In that 12 months, and in that context, what did Simone’s picture mean? Is it significant that, while Joseph wears expensive shoes, Jesus has (?radical Franciscan) sandals? Is this a painted challenge to the brand new leader of a Church that was in every sense within the flawed place? that relished privilege, and put family connections above the service of God?
HOWEVER it was read in 1342, this is just not an image limited to a selected event in a selected place. It shows three figures, but five beings: from the spandrels at the highest, two seraphim, incised within the gold, look down. The link between heaven and earth can’t be broken. We see a perpetual predicament: the acutely uncomfortable consequences of the incarnation, which we frequently prefer to duck.

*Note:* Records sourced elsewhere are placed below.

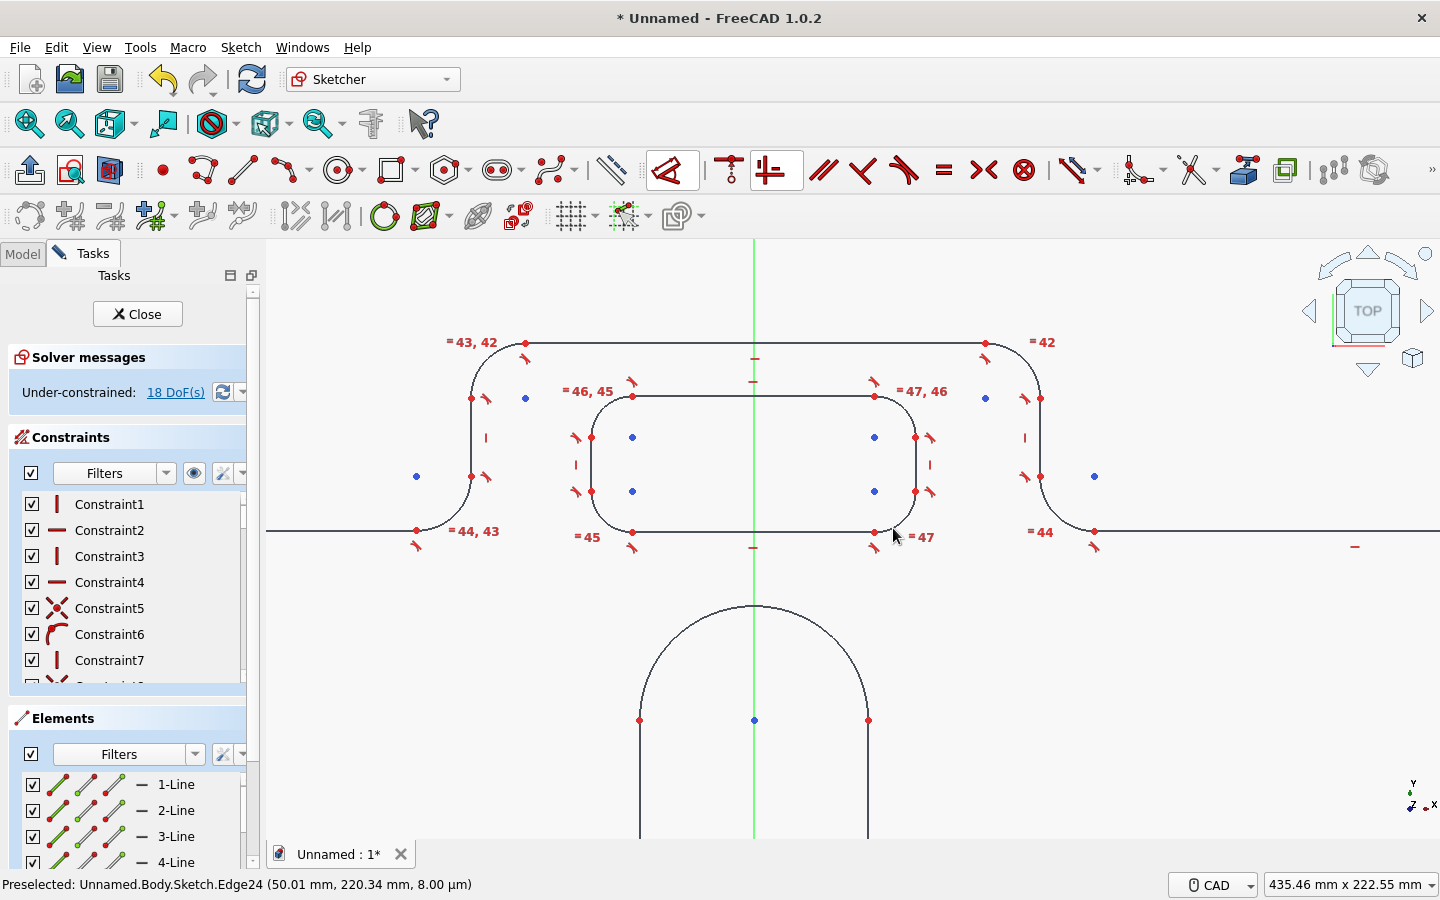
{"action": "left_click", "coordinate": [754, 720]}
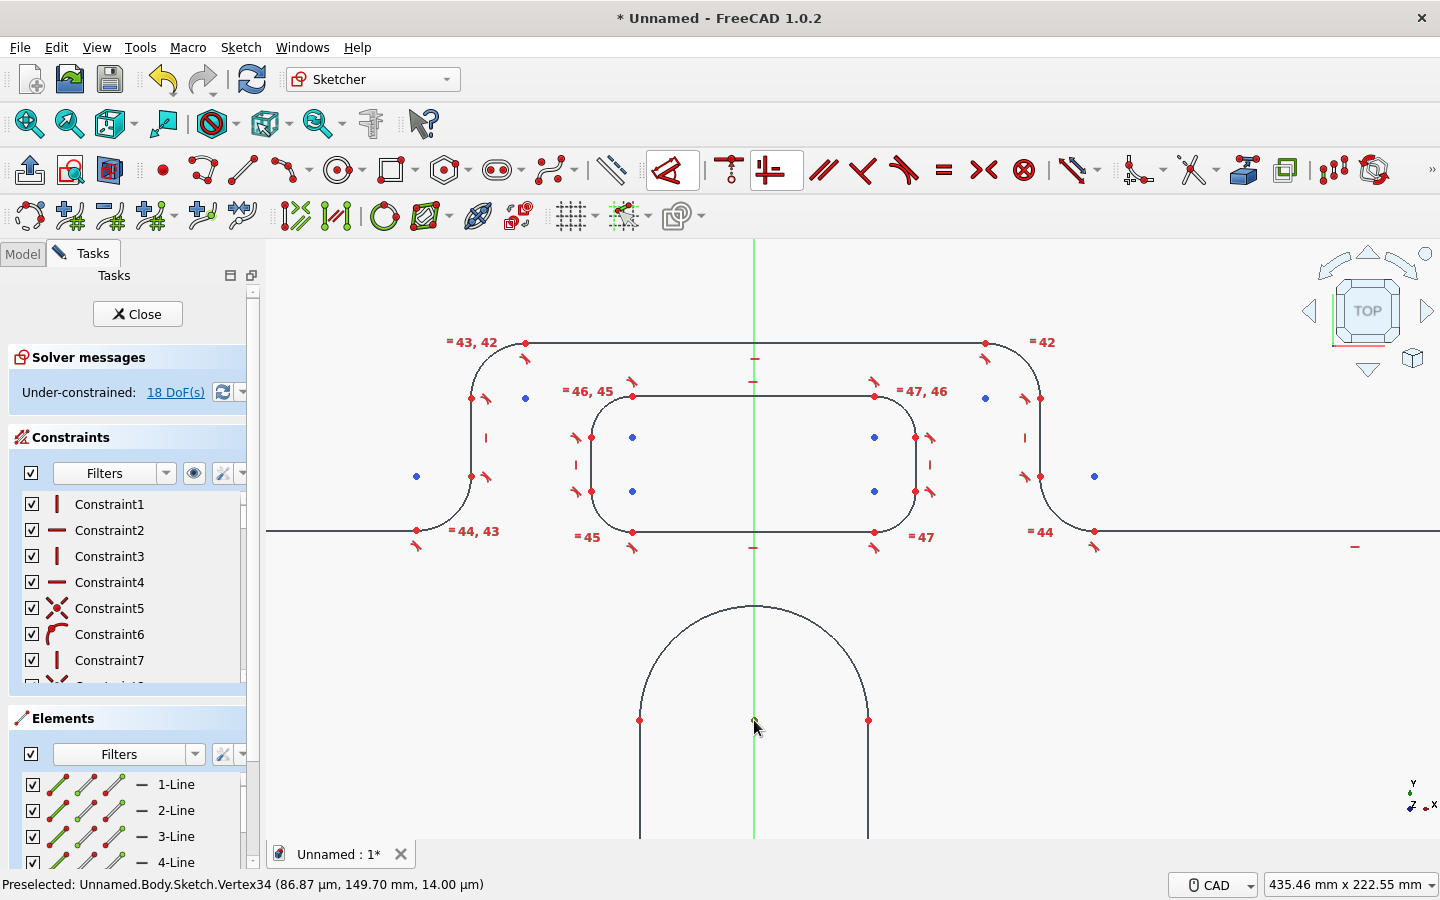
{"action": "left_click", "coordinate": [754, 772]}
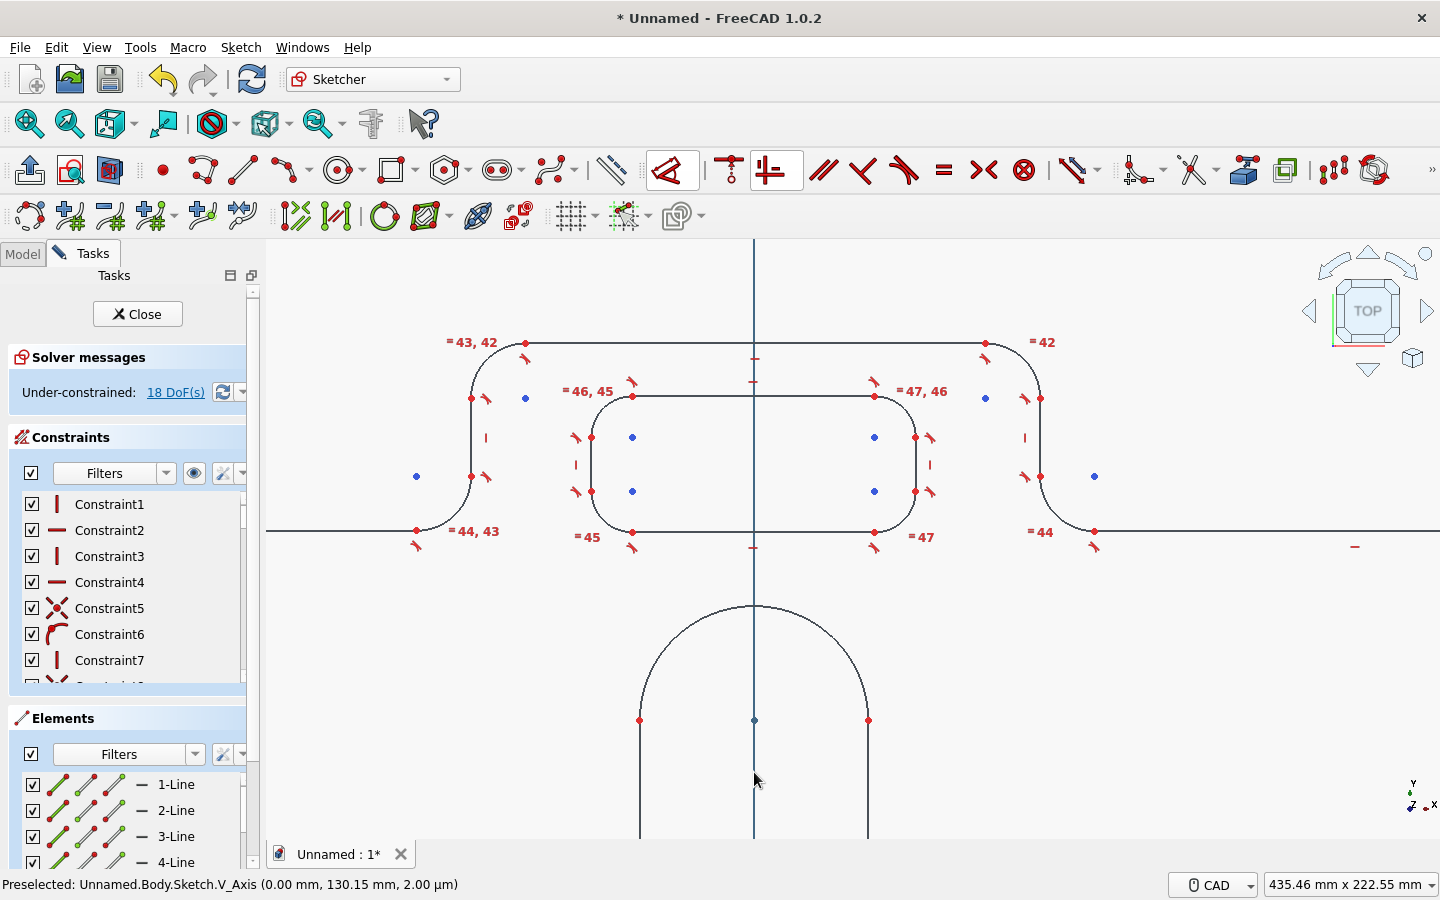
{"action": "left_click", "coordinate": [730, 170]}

It isn’t any surprise that this has not been a preferred subject.
Six hundred years later, what does the image mean to us, as our Church also appoints a latest leader? Is our Church within the flawed place? Do we’d like to rethink its relations with power and privilege, property and money? And how do its teachings about family values sit with the uncomfortable words of Jesus, or the realities of our world? In this little painting, Simone Martini offers us all a Lenten challenge.
Neil MacGregor is a former director of the British Museum and the creator of Living with the Gods (Allan Lane, 2018).
Simone Martini’s The Holy Family is currently on show on the National Gallery, in “Siena: The Rise of Painting, 1300-1350” (until 22 June).